Buccaneer applies for unit at Kenai Loop
Kristen Nelson Petroleum News
Buccaneer Alaska Operations LLC, which has been producing natural gas from its 2011 Kenai Loop No. 1 discovery well since January, has applied for a 7,500-acre Kenai Loop unit.
The proposed unit is on the northern Kenai Peninsula on a ridge between the Cannery Loop and Beaver Creek fields.
The Alaska Department of Natural Resources Division of Oil and Gas said in a public notice that the proposed unit covers some 1,397 acres within four State of Alaska oil and gas leases, some 4,828 acres within two Alaska Mental Health Trust leases and some 1,275 acres within one State of Alaska Cook Inlet Region Inc. lease.
Buccaneer holds 100 percent working interest in the leases.
The application, noticed by the division Dec. 10, was submitted in July.

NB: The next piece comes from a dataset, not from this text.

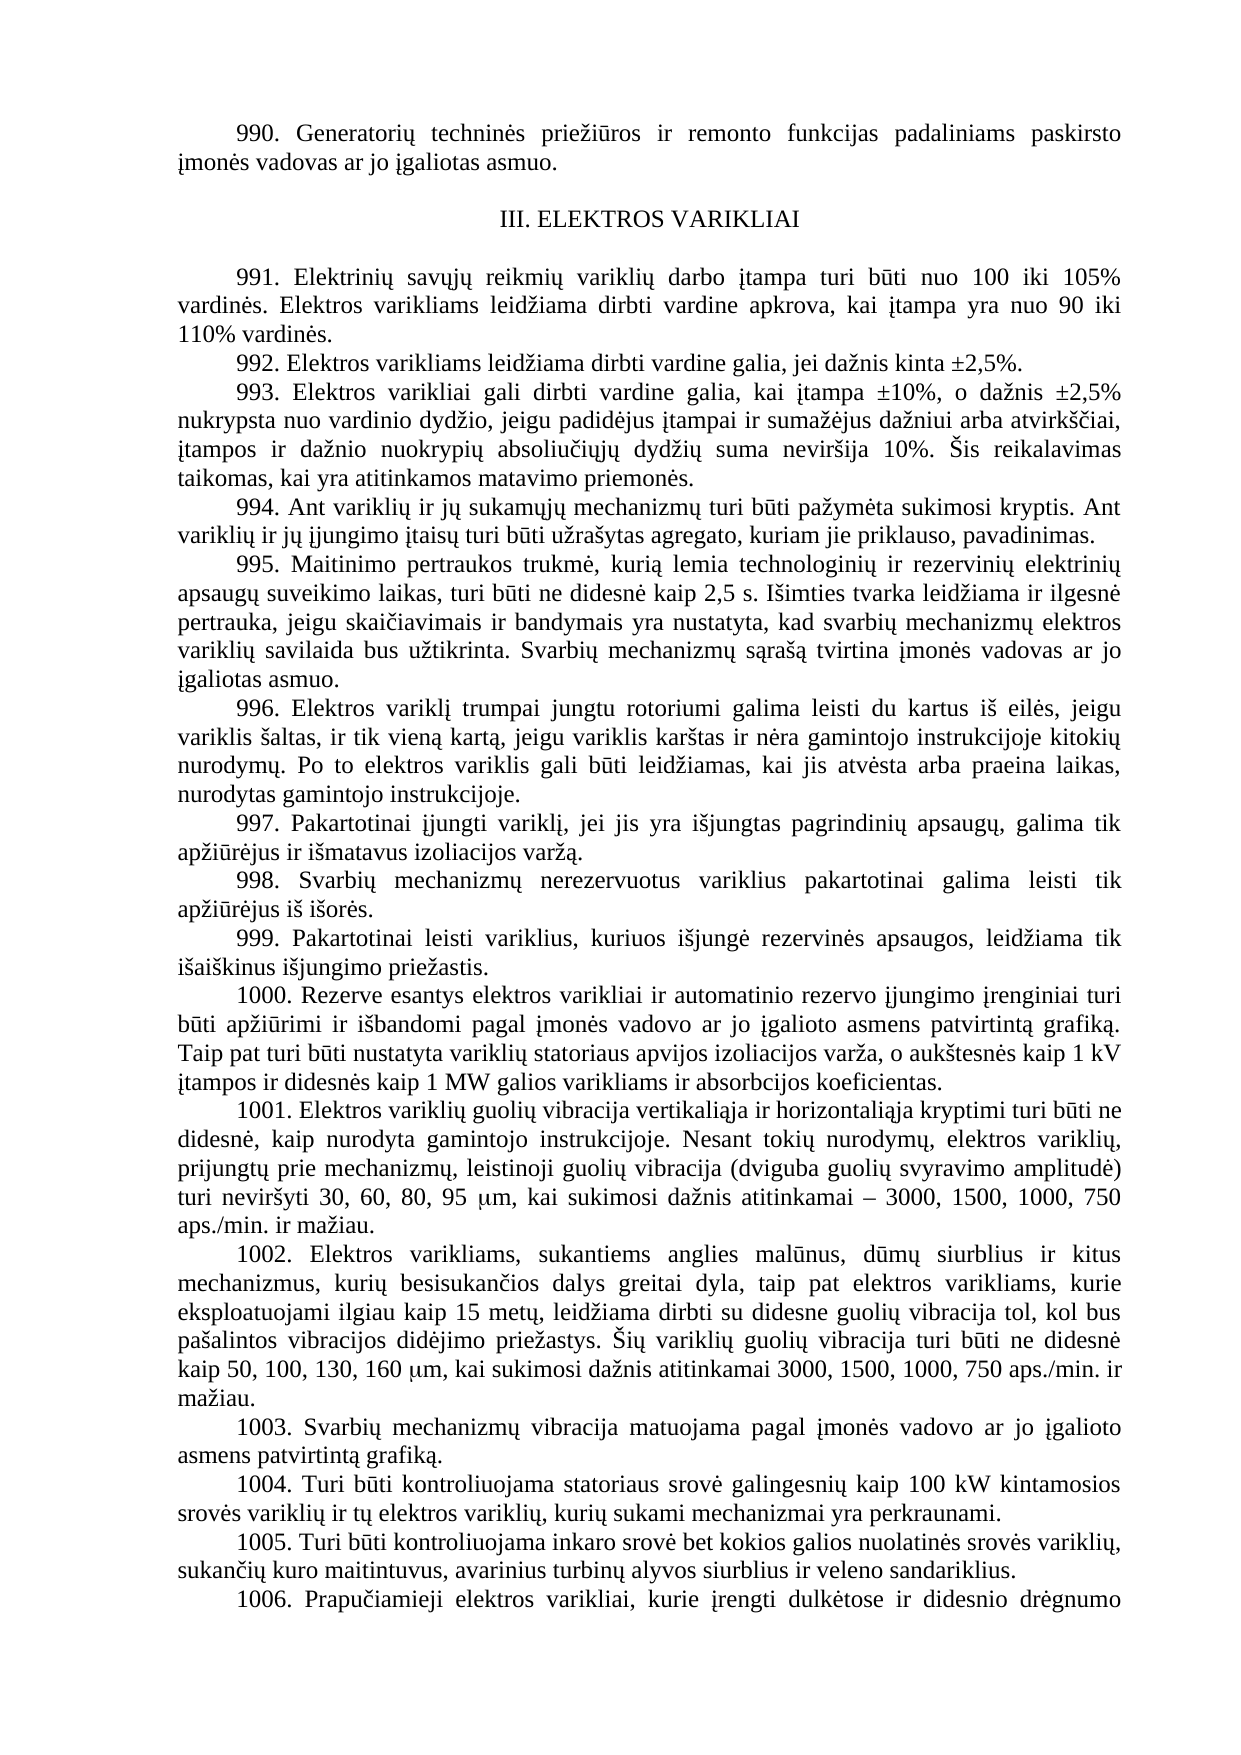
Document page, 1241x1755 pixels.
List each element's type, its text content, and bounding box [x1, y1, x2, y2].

Typically the division has questions about a proposal and only issues a public notice asking for comments when an application is deemed complete.
Without unitization the state leases would have expired in September; the Mental Health Trust and CIRI leases expire in 2016. The Kenai Loop No. 1 well is on one of the Mental Health Trust leases and that lease is held by production.
Buccaneer said in its application that it had spent more than $48 million exploring and developing the proposed unit area.
Production facilities for the Kenai Loop No. 1 well were completed in January.
Buccaneer said in its initial plan of development that it would drill one to three additional wells in the first year of the unit, beginning with Kenai Loop No. 4. That well was spud in September.
Buccaneer also said it would propose an initial participating area for the Tyonek formation, encompassing the known producing interval in the Kenai Loop No. 1.
For the second through fifth years of the five-year unit plan, Buccaneer said it would drill one to three additional wells per year in the Kenai Loop unit.
Buccaneer told the division that the Kenai Loop No. 1 discovery well, drilled in April 2011, was placed according to available but limited 2-D seismic data.
Logs from that well “indicate that multiple gas zones in the Beluga and Upper Tyonek formations were intersected while drilling,” Buccaneer said, and estimated total gross pay of 645 feet. Initial testing of the Kenai Loop No. 1 flowed gas to the surface at more than 10 million cubic feet per day from two zones in the Upper Tyonek, some 60 feet of net pay out of 87 feet of gross pay in the two zones. The company said that additional zones remained untested, as the rig needed to be released back to Marathon June 1, 2011.
Buccaneer began sustained production Jan. 14 and in July was producing at 5 million cubic feet per day. In October the company reported that production had been increased to 6 million cubic feet per day.
A second well, Kenai Loop No. 3, was drilled in August 2011 but was a dry hole.
Last April Buccaneer completed a 3-D seismic program covering 23.4 square miles, allowing the company “to fully image” all acreage in the proposed unit.
Comments on the application are due to the division Jan. 14. Non-confidential portions of the application are available on the division’s website at www.dog.dnr.state.ak.us/Units/Units.htm#recentpubnot.